Deomstrators wave Macedonian and Albanian flags during an anti-government protest in downtown Skopje on May 17, 2015.

Photographer: Dimitar Dilkoff/AFP via Getty Images

Russia accused “outside” forces of fomenting the political crisis in the Republic of Macedonia, after the Balkan state’s prime minister and rival met through the night to defuse tension that sent bonds tumbling.

After a 12-hour emergency meeting in Strasbourg, France, the leaders agreed to calm an atmosphere of party politics, EU parliament member Ivo Vajgl said by phone. Opposition leader Zoran Zaev is calling for Premier Nikola Gruevski’s government to step down for alleged abuse of power as authorities also try to ramp up security after a deadly clash with Albanian insurgents.

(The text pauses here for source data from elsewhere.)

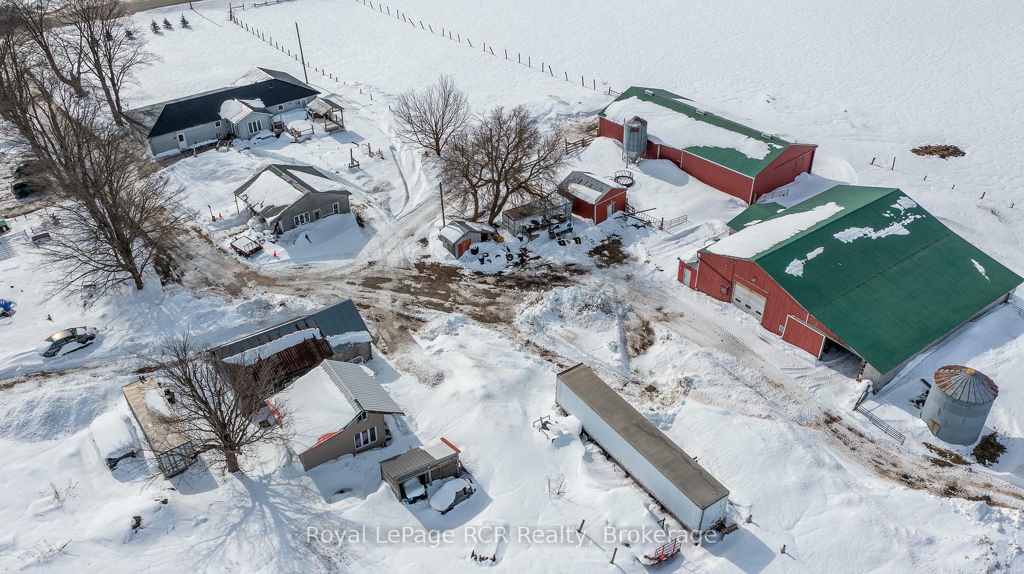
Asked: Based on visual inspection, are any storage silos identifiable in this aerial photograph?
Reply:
Yes
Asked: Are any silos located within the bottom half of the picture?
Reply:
Yes
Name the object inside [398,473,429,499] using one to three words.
car
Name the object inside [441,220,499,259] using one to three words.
shed
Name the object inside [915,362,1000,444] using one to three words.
silo
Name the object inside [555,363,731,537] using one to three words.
trailer
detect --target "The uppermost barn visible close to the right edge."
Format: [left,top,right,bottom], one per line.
[695,185,1023,397]
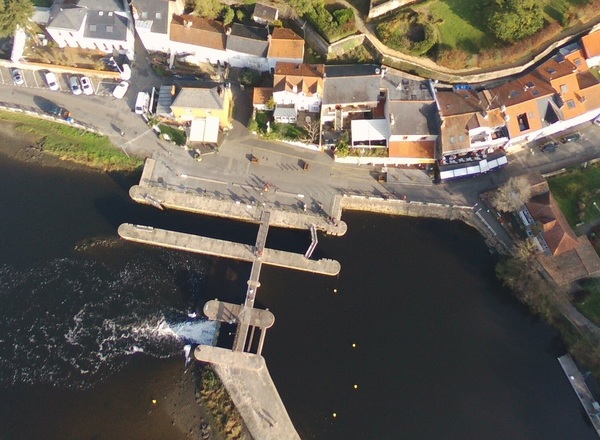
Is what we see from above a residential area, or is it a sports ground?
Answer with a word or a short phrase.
residential area
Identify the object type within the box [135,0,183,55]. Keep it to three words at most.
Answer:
house
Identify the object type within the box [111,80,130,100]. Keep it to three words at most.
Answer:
car
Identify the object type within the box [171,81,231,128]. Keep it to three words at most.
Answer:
house
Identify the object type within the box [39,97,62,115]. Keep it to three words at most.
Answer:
car
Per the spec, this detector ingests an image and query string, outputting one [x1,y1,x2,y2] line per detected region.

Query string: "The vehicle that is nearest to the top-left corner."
[8,65,25,84]
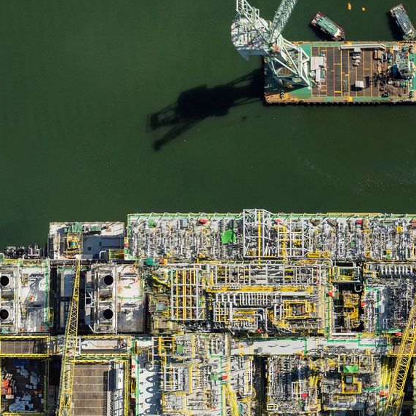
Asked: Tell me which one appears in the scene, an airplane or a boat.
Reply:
boat
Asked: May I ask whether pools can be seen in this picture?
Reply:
No
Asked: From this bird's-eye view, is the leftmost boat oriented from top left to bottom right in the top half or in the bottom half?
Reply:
top
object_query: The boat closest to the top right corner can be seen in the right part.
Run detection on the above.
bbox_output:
[386,2,414,40]
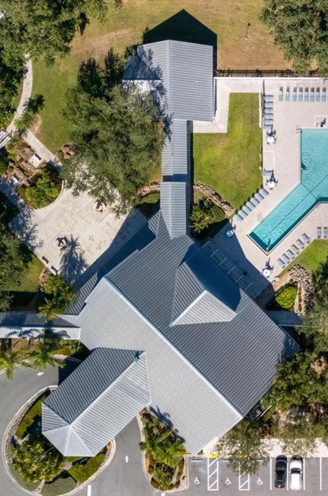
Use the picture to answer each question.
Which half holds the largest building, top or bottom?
bottom
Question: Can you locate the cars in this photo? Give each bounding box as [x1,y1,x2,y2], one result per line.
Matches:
[273,457,287,488]
[288,457,303,488]
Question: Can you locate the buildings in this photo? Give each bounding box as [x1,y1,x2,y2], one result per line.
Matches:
[42,210,299,455]
[121,39,213,122]
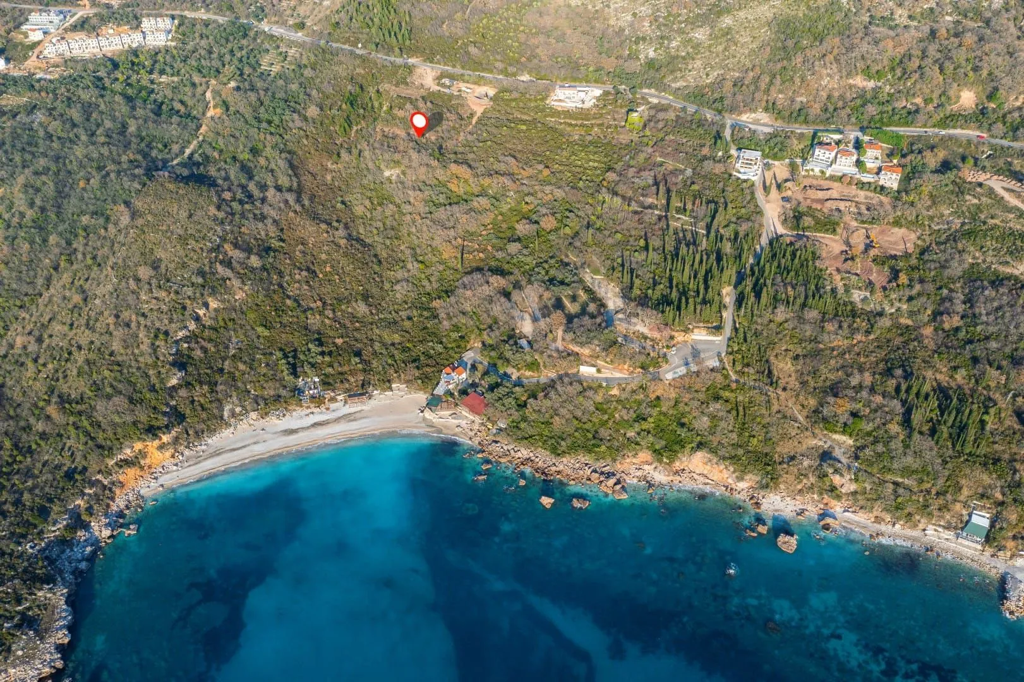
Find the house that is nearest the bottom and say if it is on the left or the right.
right
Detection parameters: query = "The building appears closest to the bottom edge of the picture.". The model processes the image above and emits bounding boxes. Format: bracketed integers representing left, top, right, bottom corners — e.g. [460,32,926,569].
[960,508,990,551]
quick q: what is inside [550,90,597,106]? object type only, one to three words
house
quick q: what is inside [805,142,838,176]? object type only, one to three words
house
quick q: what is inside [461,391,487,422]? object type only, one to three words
building
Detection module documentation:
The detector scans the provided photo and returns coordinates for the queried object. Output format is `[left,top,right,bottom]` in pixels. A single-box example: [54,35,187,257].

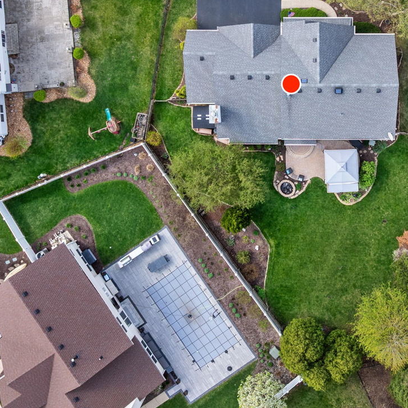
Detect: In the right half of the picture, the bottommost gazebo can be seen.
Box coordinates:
[323,147,360,192]
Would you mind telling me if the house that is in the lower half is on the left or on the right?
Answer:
left
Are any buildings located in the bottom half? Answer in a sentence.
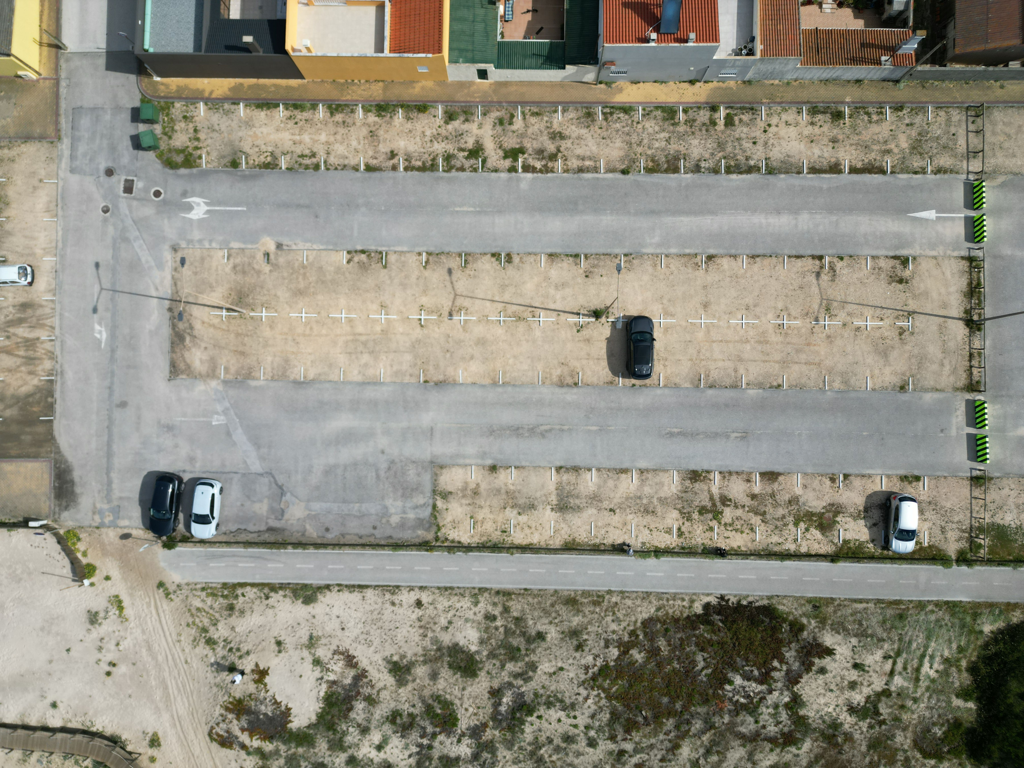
No, there is no building in the bottom half.
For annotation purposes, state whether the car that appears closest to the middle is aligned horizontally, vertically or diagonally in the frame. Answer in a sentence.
What the image shows is the car that appears closest to the middle lying vertically.
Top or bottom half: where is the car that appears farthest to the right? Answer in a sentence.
The car that appears farthest to the right is in the bottom half of the image.
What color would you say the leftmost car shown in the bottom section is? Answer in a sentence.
In this view, the leftmost car shown in the bottom section is black.
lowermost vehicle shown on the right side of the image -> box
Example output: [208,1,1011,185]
[885,492,922,553]
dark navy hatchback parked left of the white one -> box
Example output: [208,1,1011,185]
[147,473,186,536]
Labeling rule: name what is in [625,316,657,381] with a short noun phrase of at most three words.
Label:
car
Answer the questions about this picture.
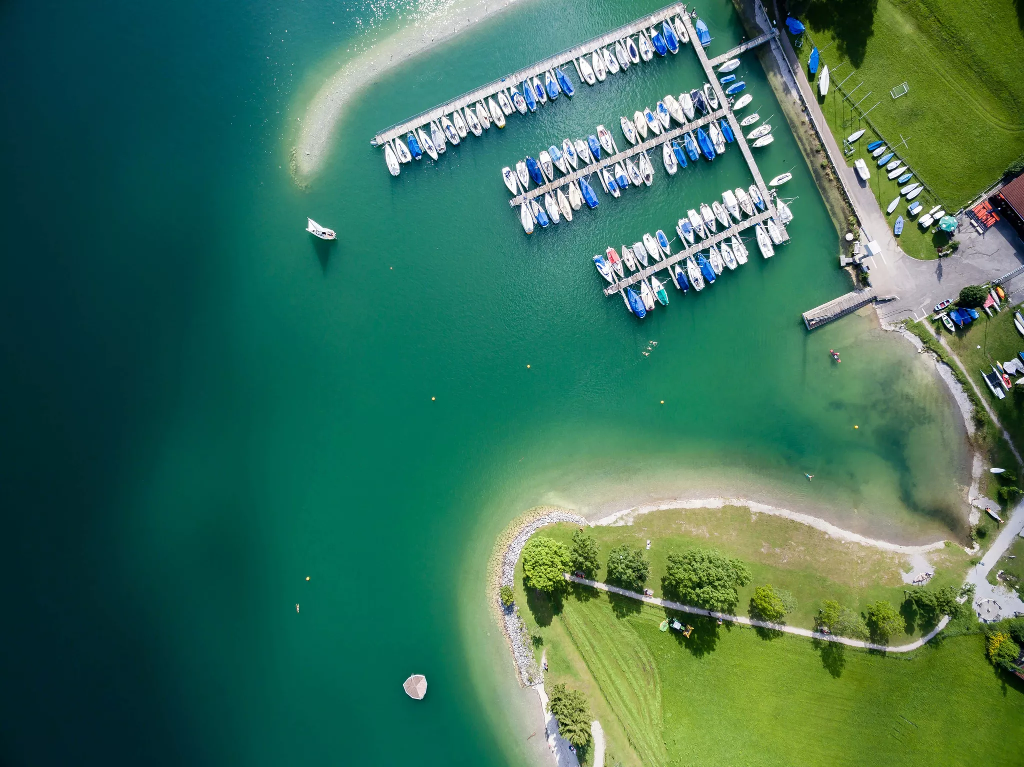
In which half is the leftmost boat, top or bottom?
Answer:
top
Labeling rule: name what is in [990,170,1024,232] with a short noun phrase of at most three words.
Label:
house
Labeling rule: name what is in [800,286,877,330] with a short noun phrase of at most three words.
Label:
pier
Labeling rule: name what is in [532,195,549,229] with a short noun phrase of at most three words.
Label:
boat
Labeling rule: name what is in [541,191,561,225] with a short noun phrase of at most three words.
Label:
boat
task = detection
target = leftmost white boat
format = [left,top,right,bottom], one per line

[305,219,338,240]
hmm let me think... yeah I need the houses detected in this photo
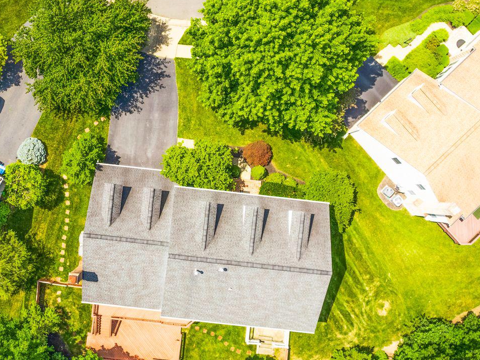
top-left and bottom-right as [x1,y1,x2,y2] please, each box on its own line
[67,162,334,334]
[347,36,480,230]

Macedonian Prime Minister Nikola Gruevski
Macedonian Prime Minister Nikola Gruevski
Photographer: Chris Ratcliffe/Bloomberg

The crisis is led from abroad, Russian Foreign Minister Sergei Lavrov said in Moscow, an echo of accusations against the U.S. and the European Union that they’ve helped topple governments in the former Soviet sphere of influence. The political turmoil, Macedonia’s worst since 1991 independence, erupted after Zaev leaked what he says are wiretaps Gruevski’s government used to influence police, judges and diplomats.

“We’re very concerned -- the Macedonian events are fairly crudely managed from outside,” Lavrov said on Wednesday. “It’s very sad and dangerous that, to undermine Gruevski’s government, the Albanian factor is being applied.”

Russia ‘Concerned’

Gruevski was under fire because he has refused to support the EU’s sanctions against Russia over its involvement in Ukraine, Lavrov said. Support for a pipeline delivering Russian gas to Europe via Turkey, which is competing with an EU-supported project for Azeri gas, is also a factor, he added.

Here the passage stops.